**** Data to examine
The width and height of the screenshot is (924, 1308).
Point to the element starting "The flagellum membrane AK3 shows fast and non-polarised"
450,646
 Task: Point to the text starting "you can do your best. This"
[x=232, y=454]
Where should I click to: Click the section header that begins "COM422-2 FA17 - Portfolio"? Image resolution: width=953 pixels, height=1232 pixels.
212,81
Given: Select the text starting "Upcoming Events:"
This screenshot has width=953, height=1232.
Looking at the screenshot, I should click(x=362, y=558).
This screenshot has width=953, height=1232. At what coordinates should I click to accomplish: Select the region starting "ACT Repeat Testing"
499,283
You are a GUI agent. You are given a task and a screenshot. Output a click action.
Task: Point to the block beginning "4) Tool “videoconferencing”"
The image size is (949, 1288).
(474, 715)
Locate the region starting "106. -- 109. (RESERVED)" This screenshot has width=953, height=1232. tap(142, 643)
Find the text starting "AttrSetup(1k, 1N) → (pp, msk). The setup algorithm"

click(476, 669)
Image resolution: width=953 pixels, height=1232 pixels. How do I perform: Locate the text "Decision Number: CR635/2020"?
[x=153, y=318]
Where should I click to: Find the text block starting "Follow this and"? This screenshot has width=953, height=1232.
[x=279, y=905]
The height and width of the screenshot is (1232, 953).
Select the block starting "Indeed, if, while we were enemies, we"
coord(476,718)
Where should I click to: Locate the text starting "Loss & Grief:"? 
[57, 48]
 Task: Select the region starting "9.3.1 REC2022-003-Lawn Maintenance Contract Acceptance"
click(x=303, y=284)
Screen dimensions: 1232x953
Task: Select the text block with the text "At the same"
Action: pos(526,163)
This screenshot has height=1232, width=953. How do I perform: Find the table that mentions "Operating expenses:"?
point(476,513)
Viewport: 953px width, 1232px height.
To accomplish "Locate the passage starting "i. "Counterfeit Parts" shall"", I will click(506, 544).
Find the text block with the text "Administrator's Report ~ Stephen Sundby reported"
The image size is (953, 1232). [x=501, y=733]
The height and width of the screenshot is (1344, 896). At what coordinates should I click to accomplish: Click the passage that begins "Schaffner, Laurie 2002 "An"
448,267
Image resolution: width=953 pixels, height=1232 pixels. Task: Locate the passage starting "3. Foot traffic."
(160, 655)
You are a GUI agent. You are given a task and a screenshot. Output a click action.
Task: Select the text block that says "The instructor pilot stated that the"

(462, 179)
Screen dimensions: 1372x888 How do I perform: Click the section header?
********
Your answer should be the full set of records, printed exactly.

**Task output:**
The width and height of the screenshot is (924, 1308).
Point to the element starting "The flagellum membrane AK3 shows fast and non-polarised"
450,646
 Task: Point to the text starting "you can do your best. This"
[x=232, y=454]
Where should I click to: Click the section header that begins "COM422-2 FA17 - Portfolio"? Image resolution: width=953 pixels, height=1232 pixels.
212,81
Given: Select the text starting "Upcoming Events:"
This screenshot has width=953, height=1232.
Looking at the screenshot, I should click(x=362, y=558).
This screenshot has width=953, height=1232. At what coordinates should I click to accomplish: Select the region starting "ACT Repeat Testing"
499,283
You are a GUI agent. You are given a task and a screenshot. Output a click action.
Task: Point to the block beginning "4) Tool “videoconferencing”"
The image size is (949, 1288).
(474, 715)
Locate the region starting "106. -- 109. (RESERVED)" This screenshot has width=953, height=1232. tap(142, 643)
Find the text starting "AttrSetup(1k, 1N) → (pp, msk). The setup algorithm"

click(476, 669)
Image resolution: width=953 pixels, height=1232 pixels. How do I perform: Locate the text "Decision Number: CR635/2020"?
[x=153, y=318]
Where should I click to: Find the text block starting "Follow this and"? This screenshot has width=953, height=1232.
[x=279, y=905]
The height and width of the screenshot is (1232, 953).
Select the block starting "Indeed, if, while we were enemies, we"
coord(476,718)
Where should I click to: Locate the text starting "Loss & Grief:"? 
[57, 48]
 Task: Select the region starting "9.3.1 REC2022-003-Lawn Maintenance Contract Acceptance"
click(x=303, y=284)
Screen dimensions: 1232x953
Task: Select the text block with the text "At the same"
Action: pos(526,163)
This screenshot has height=1232, width=953. How do I perform: Find the table that mentions "Operating expenses:"?
point(476,513)
Viewport: 953px width, 1232px height.
To accomplish "Locate the passage starting "i. "Counterfeit Parts" shall"", I will click(506, 544).
Find the text block with the text "Administrator's Report ~ Stephen Sundby reported"
The image size is (953, 1232). [x=501, y=733]
The height and width of the screenshot is (1344, 896). At what coordinates should I click to accomplish: Click the passage that begins "Schaffner, Laurie 2002 "An"
448,267
Image resolution: width=953 pixels, height=1232 pixels. Task: Locate the passage starting "3. Foot traffic."
(160, 655)
You are a GUI agent. You are given a task and a screenshot. Output a click action.
Task: Select the text block that says "The instructor pilot stated that the"

(462, 179)
Screen dimensions: 1372x888 How do I perform: Click the section header?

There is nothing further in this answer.